Im Rahmen dieser Entwicklung entstehen Schritt für Schritt neue Systemtopologien, die den klassischen ERP Ansatz in vielen Firmen sukzessive verändern werden. Dieser Prozess wird aber in den unterschiedlichen Branchen und Firmengrößen höchst unterschiedlich verlaufen.Mit flexibilisierenden IT Landschaften werden faktisch Prozess- oder Veränderungskosten entweder ganz oder teilweise in IT Kosten umgewandelt.

Deshalb sollte der Flexibilisierungsbedarf und dessen Kosten zukünftig wesentlich mehr zur IT Ausprägung beitragen. Für die Berechnung eines Business Cases einer zukünftigen ERP Infrastruktur sollte somit der Faktor Kosten geplanter/wahrscheinlicher organisatorischer Veränderungen und Shared Services sowie Make or Buy eine gestiegene Rolle spielen. Im Zeichen von Green IT-Initiativen und Wirtschaftskrise stehen aber derzeit eher die nackten IT-Kosten auf dem Prüfstand.

Abschließend eine gute Möglichkeit, in der IT etwas zu verändern und mit selektiven Cloud Computing oder SaaS Projekten zu beginnen, die kurzfristig Kosten sparen können und eine gute Basis für die weitere Entwicklung in Richtung einer modernen ERP Landschaft zu legen.

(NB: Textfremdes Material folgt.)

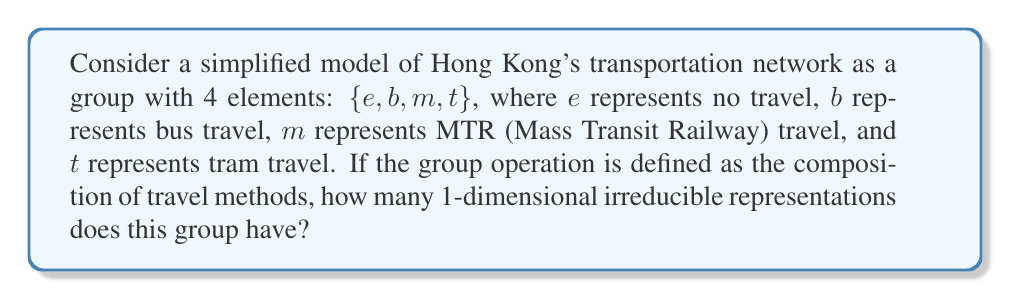Can you solve this math problem? To solve this problem, we'll follow these steps:

1) First, we need to understand what the group structure represents. In this case, it's a simplified model of Hong Kong's transportation network.

2) The group has 4 elements: {e, b, m, t}. For a geographic enthusiast unfamiliar with Hong Kong, we can think of these as different modes of getting around the city.

3) In representation theory, the number of 1-dimensional irreducible representations of a group is equal to the number of conjugacy classes in the group.

4) To find the conjugacy classes, we need to determine if this group is abelian (commutative). In an abelian group, each element forms its own conjugacy class.

5) For this transportation network, we can assume that the order of travel doesn't matter (e.g., taking a bus and then the MTR is equivalent to taking the MTR and then a bus). This means the group is abelian.

6) Since the group is abelian and has 4 elements, there are 4 conjugacy classes, each containing one element.

7) Therefore, the number of 1-dimensional irreducible representations is equal to the number of conjugacy classes, which is 4.

This result tells us that there are 4 distinct ways to represent this simplified transportation network in terms of 1-dimensional vector spaces.
Answer: 4

Was bedeutet dies in der Praxis:
 
  • Bei geplanten Updates oder Implementierungen die Business Anforderungen klarer definieren als bis dato üblich.

  • Erweiterungen und Modifikationen immer in Beziehungen  zu den Prozessen setzen. Prozesse, bei denen solche  Veränderungen am Anfang auftreten und zu weiteren Veränderungen führen, sind klare Kandidaten für Composite Solutions oder Web Services.

  • Die eigene IT stärker in Business Entscheidungen einbinden und mehr Prozesswissen in die IT bringen.

  • Upgrade nicht einfach ausschreiben, sondern entweder durch cross funktionale Teams alternative Ideen entwickeln lassen oder eine Ausschreibung mit hohem Freiheitsgrad für die Dienstleister gestalten, so dass es eher einen Wettbewerb der Konzepte als des reinen Preises gibt. Ggf. als RfI vorschalten.
  • Mit der eigenen IT stärker auseinander setzen und nach Trends und alternativen Möglichkeiten fragen. Insbesondere bei Anfragen für Change Requests.
  • Bei geplanten Veränderungen Marktüberblick von on-demand Services oder SaaS Serviceanbietern einholen und anschließend Integrationskonzepte diskutieren. Die eigene IT empfindet das oft als Wettbewerb und berät hier ggf. befangen, wenn nicht explizit nachgefragt wird.
  • Softwarelieferanten einbinden. Ggf. Ausschreibung eines SaaS Projektes. Viele SW Anbieter sind hier zwar noch nicht optimal aufgestellt, aber gerade deshalb offen für einen konzeptionellen Wettbewerb.
  • Shared Services als Ganzes ggf. zusammen mit Geschäftspartnern ausschreiben. Für mehrere Kunden setzen grade spezialisierte Serviceanbieter ggf. auch angepasste Services auf.